___ Data

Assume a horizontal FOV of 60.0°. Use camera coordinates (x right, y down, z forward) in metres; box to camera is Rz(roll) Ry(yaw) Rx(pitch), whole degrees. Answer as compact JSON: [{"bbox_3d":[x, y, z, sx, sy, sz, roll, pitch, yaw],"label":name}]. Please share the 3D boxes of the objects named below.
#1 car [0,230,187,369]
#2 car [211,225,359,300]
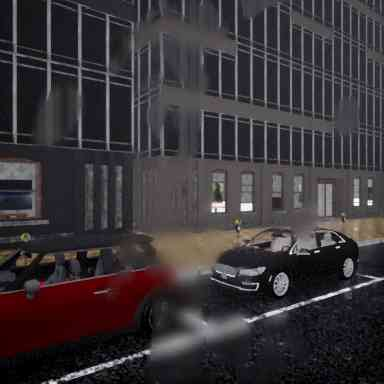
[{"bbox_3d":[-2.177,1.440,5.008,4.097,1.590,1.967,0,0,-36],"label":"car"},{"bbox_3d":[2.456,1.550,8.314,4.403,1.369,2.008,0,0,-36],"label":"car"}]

______
___ Data

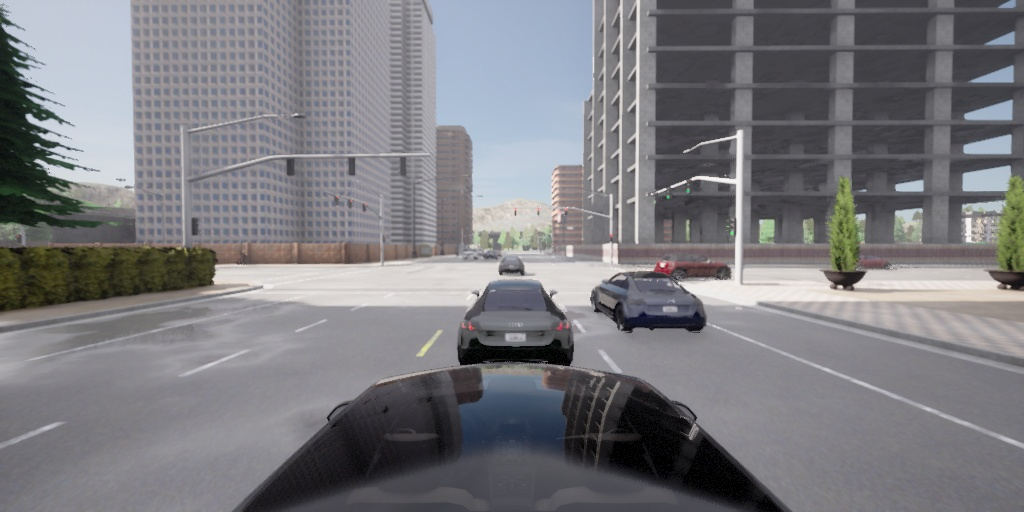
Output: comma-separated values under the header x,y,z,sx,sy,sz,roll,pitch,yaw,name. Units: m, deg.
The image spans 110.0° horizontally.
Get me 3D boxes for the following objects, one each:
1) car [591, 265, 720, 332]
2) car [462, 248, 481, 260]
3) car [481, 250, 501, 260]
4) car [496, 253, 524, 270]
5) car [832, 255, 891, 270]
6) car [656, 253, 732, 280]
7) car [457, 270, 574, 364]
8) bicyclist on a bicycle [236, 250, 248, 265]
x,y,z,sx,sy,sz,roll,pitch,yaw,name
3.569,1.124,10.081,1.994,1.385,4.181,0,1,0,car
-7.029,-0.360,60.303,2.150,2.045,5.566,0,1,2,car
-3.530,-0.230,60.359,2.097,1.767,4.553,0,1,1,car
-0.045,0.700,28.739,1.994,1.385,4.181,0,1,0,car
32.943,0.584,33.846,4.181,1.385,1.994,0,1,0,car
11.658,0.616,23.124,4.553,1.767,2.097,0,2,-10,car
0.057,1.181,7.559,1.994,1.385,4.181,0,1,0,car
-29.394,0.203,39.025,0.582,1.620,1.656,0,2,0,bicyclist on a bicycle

______

Instructions for the task: Say how many lines of the entries above include the string "boxes", giving the number and nothing else.

Response: 2